▽

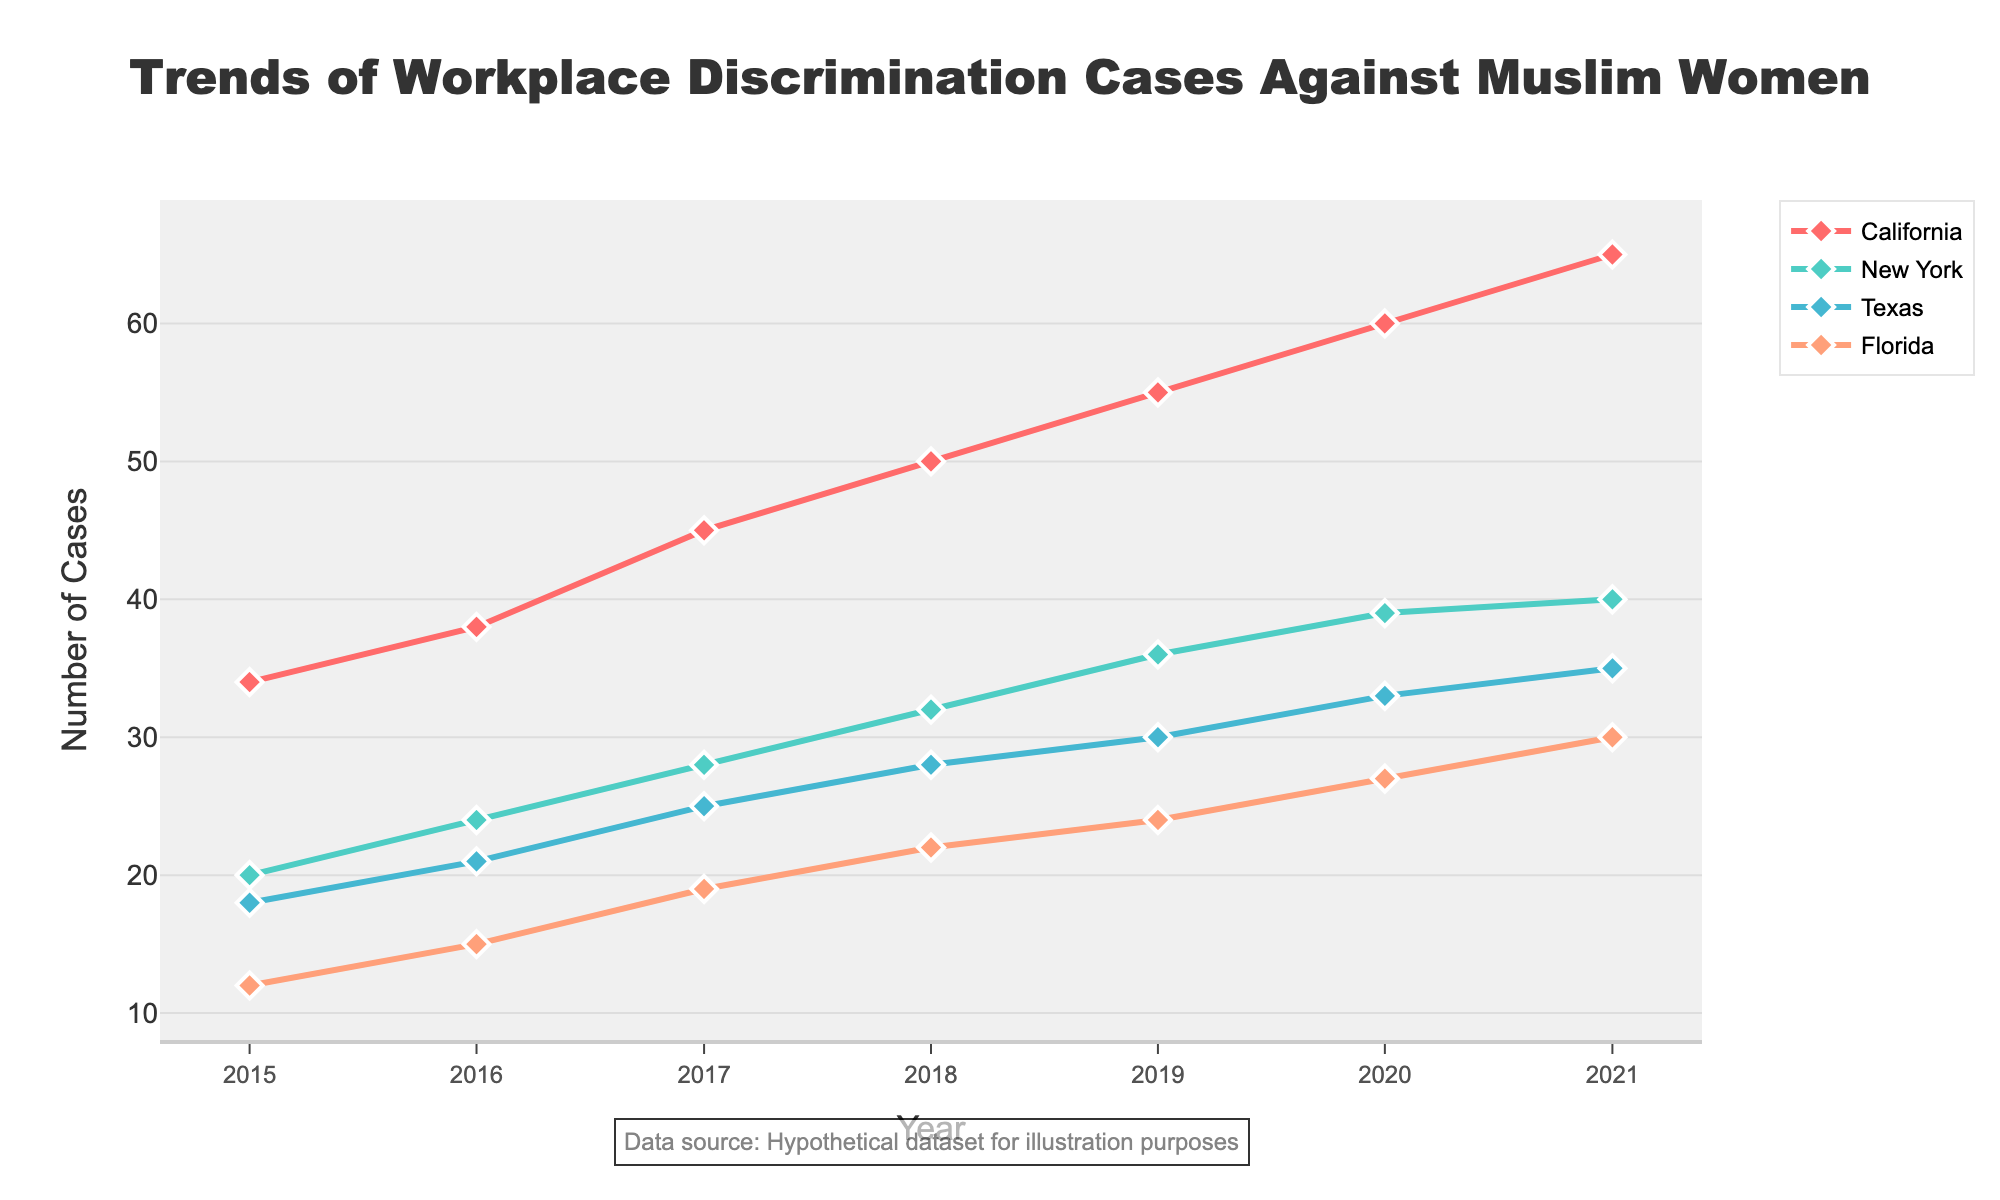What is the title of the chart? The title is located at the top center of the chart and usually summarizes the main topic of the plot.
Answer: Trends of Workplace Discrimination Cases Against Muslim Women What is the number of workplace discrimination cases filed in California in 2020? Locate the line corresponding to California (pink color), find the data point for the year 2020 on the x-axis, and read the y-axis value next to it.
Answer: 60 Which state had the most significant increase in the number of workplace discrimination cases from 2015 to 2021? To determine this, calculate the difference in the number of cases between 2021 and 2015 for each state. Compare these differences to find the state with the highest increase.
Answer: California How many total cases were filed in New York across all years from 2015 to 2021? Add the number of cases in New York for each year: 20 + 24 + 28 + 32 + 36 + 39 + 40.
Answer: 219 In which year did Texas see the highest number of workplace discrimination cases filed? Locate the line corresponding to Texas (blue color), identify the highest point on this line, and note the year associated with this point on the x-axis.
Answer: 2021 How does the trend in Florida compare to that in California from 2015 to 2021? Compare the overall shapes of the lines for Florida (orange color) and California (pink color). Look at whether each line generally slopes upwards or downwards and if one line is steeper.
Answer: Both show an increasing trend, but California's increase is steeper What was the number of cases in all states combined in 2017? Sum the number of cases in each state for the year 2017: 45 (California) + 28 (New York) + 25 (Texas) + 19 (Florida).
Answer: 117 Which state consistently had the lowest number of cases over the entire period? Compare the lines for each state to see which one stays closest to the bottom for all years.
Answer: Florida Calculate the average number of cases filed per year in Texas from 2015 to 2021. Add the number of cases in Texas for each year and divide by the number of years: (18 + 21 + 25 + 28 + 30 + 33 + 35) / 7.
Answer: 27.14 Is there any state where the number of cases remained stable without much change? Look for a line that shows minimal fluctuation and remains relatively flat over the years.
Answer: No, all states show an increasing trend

△
▽

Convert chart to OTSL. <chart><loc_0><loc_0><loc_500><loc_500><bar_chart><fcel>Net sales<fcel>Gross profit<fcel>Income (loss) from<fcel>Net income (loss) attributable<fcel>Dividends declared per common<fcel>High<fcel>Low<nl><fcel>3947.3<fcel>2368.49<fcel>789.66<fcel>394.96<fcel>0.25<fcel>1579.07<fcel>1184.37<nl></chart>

△

● The task
Each line in the data that holds the string "Texas" needs to be copied.

● Answer below
Answer: 219 In which year did Texas see the highest number of workplace discrimination cases filed? Locate the line corresponding to Texas (blue color), identify the highest point on this line, and note the year associated with this point on the x-axis.
Answer: Both show an increasing trend, but California's increase is steeper What was the number of cases in all states combined in 2017? Sum the number of cases in each state for the year 2017: 45 (California) + 28 (New York) + 25 (Texas) + 19 (Florida).
Answer: Florida Calculate the average number of cases filed per year in Texas from 2015 to 2021. Add the number of cases in Texas for each year and divide by the number of years: (18 + 21 + 25 + 28 + 30 + 33 + 35) / 7.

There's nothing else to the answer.